**Task instructions**
Of the records that follow, copy only the lines from the line containing "Your response must be concise. 0. What" to the line containing "Your answer should be compact. 1267.33.", both included, exactly as written.

-- Opening Marker --

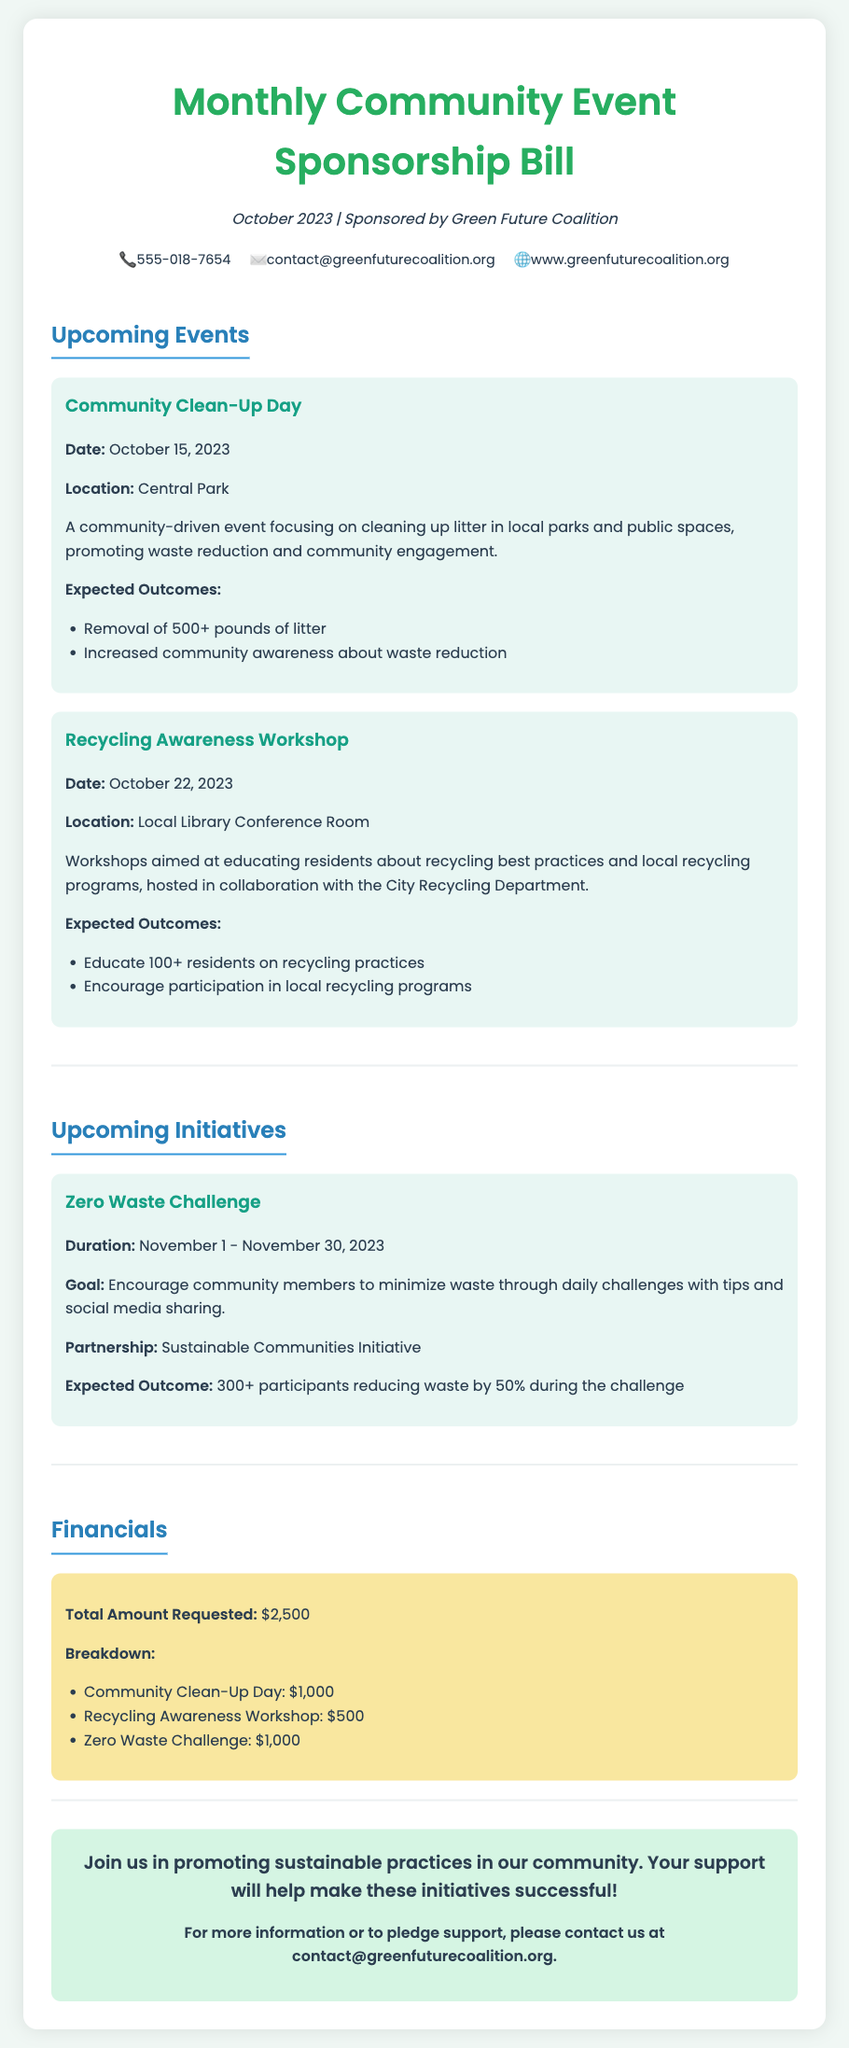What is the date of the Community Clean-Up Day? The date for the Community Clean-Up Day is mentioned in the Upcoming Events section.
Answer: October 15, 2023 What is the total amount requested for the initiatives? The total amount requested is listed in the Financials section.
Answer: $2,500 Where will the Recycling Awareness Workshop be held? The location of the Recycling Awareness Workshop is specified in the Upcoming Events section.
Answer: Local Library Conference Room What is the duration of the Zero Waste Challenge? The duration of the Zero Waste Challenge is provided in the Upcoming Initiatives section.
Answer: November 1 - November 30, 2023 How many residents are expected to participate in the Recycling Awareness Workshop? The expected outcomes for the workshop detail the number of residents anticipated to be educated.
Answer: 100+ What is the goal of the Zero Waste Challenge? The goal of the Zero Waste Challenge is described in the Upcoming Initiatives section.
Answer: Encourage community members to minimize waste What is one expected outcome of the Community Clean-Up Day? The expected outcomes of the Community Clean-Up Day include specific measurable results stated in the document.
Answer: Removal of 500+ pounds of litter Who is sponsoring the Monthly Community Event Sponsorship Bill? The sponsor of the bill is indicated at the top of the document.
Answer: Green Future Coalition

-- Closing Marker --
-- Opening Marker --

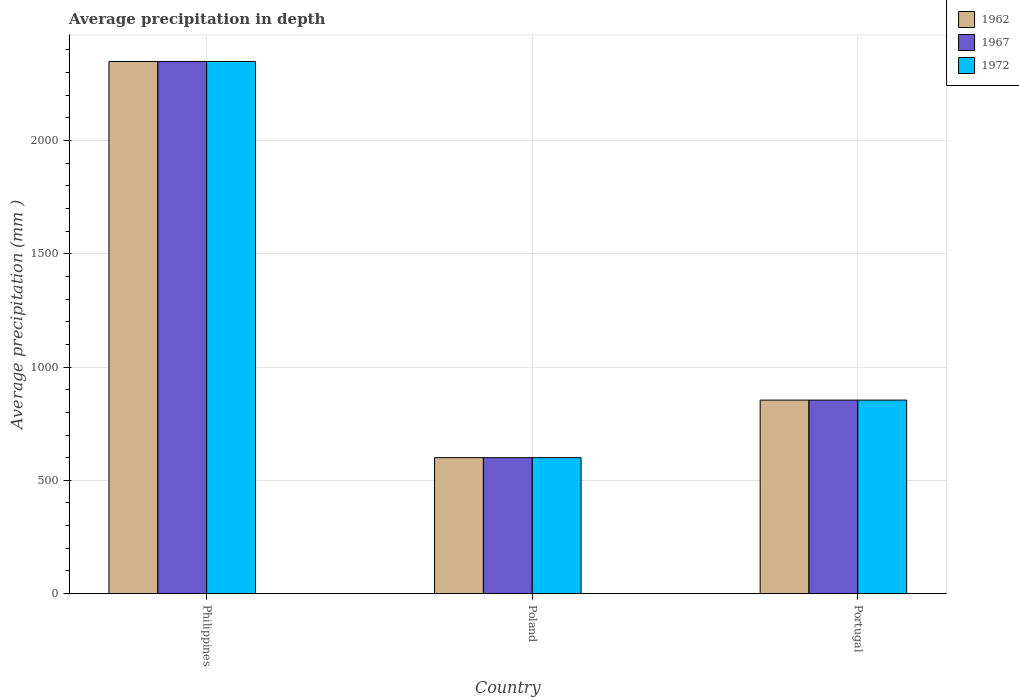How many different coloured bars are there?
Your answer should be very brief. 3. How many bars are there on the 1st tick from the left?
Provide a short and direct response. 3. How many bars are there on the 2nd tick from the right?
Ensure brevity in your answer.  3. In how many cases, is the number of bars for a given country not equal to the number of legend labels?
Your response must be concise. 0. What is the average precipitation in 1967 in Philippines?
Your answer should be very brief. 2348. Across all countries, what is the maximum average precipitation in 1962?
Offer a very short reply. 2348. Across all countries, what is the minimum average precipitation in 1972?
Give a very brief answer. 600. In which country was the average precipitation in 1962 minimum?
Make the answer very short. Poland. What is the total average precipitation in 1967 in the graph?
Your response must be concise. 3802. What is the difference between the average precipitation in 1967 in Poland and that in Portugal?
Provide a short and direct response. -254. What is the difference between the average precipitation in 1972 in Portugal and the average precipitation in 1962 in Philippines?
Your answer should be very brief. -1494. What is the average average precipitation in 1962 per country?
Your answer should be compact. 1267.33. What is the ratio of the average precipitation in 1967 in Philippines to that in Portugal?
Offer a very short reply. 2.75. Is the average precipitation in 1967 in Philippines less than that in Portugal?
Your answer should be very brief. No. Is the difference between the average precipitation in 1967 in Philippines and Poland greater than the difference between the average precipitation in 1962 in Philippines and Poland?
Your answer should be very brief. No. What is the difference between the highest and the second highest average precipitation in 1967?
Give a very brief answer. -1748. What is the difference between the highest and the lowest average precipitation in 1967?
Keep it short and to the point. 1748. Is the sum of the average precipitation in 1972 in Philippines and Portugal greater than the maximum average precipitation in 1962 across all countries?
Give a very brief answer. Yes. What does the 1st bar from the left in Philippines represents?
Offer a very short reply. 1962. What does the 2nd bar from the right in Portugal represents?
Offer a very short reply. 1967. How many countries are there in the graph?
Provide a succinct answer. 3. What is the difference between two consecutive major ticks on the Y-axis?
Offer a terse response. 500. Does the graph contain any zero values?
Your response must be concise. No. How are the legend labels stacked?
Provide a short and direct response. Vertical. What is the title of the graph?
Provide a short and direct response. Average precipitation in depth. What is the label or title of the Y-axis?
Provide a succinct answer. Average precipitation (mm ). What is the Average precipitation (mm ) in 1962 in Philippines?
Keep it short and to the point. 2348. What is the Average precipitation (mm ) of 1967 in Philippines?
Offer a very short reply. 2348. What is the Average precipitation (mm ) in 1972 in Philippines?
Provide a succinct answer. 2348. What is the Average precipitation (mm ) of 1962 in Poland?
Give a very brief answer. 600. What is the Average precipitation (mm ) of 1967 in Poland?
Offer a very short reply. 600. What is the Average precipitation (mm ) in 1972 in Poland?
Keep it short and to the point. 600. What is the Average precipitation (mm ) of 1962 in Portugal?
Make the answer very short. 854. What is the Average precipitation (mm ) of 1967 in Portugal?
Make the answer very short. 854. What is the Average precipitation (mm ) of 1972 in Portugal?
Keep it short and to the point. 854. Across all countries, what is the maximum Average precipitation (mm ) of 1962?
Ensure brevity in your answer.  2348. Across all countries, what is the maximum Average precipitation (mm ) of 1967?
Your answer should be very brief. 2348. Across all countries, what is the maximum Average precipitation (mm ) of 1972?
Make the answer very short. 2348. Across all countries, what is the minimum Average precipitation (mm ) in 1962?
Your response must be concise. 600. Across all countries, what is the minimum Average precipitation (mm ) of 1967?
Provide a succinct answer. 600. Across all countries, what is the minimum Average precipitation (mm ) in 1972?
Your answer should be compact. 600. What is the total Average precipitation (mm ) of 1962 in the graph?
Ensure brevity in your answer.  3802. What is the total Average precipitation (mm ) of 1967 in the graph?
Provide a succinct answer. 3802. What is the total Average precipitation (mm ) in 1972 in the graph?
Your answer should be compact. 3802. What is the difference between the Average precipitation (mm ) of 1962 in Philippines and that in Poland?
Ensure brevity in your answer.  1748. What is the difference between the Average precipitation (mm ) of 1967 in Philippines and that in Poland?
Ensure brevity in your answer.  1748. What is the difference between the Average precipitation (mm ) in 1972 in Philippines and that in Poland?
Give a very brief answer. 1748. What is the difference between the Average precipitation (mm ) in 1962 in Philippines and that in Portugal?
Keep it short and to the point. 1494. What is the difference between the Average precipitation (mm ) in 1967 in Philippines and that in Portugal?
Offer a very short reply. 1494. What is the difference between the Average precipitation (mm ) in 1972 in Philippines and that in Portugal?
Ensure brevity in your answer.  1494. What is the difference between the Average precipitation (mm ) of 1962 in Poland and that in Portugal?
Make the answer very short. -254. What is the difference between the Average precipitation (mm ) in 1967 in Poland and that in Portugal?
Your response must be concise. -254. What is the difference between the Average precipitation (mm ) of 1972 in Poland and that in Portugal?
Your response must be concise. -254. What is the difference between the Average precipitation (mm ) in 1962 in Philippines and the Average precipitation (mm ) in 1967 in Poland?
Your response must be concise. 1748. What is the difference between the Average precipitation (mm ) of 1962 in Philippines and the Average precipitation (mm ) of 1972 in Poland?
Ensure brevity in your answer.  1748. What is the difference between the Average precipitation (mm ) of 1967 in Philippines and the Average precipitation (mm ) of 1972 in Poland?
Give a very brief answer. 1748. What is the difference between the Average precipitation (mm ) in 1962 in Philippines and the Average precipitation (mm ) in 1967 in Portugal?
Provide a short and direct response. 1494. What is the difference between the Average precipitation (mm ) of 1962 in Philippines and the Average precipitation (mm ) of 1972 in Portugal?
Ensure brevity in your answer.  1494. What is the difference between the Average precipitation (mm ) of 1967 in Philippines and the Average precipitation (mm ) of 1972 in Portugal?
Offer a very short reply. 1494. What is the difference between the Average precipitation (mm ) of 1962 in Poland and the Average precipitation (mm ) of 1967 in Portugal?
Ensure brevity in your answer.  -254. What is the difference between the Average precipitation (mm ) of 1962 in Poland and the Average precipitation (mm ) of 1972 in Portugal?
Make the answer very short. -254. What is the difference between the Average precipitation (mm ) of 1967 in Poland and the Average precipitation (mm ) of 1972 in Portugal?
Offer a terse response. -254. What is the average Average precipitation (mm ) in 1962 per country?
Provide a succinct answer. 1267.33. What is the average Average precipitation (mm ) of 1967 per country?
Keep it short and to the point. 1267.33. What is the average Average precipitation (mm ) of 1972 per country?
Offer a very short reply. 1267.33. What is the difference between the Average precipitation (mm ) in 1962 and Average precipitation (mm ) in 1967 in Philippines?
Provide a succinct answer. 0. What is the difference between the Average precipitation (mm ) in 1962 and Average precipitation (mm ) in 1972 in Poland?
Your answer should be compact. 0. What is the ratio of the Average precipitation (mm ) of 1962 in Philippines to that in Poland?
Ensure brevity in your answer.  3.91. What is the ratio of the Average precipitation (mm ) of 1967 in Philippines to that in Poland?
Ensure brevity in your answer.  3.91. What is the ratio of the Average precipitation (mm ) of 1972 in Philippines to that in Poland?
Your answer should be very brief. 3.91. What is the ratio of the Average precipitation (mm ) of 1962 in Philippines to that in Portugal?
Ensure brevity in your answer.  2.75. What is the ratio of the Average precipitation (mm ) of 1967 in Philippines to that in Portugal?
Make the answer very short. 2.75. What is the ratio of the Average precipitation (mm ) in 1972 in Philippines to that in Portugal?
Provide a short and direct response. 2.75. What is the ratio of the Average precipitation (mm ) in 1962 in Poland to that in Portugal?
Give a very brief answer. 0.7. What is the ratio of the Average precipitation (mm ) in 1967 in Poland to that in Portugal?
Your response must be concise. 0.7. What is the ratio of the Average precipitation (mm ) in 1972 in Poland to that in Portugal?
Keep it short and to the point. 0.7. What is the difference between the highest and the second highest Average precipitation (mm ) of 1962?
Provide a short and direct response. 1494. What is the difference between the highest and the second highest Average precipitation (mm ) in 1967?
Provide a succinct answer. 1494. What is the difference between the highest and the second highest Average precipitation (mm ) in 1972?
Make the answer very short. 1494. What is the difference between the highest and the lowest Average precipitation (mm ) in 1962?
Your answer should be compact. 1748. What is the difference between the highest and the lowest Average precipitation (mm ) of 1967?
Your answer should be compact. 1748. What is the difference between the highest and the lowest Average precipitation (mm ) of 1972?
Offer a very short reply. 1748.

-- Closing Marker --

**Task response**
Your response must be concise. 0. What is the average precipitation in 1967 in Philippines?
Your answer should be very brief. 2348. Across all countries, what is the maximum average precipitation in 1962?
Offer a very short reply. 2348. Across all countries, what is the minimum average precipitation in 1972?
Give a very brief answer. 600. In which country was the average precipitation in 1962 minimum?
Make the answer very short. Poland. What is the total average precipitation in 1967 in the graph?
Your response must be concise. 3802. What is the difference between the average precipitation in 1967 in Poland and that in Portugal?
Provide a short and direct response. -254. What is the difference between the average precipitation in 1972 in Portugal and the average precipitation in 1962 in Philippines?
Your answer should be very brief. -1494. What is the average average precipitation in 1962 per country?
Your answer should be compact. 1267.33. What is the ratio of the average precipitation in 1967 in Philippines to that in Portugal?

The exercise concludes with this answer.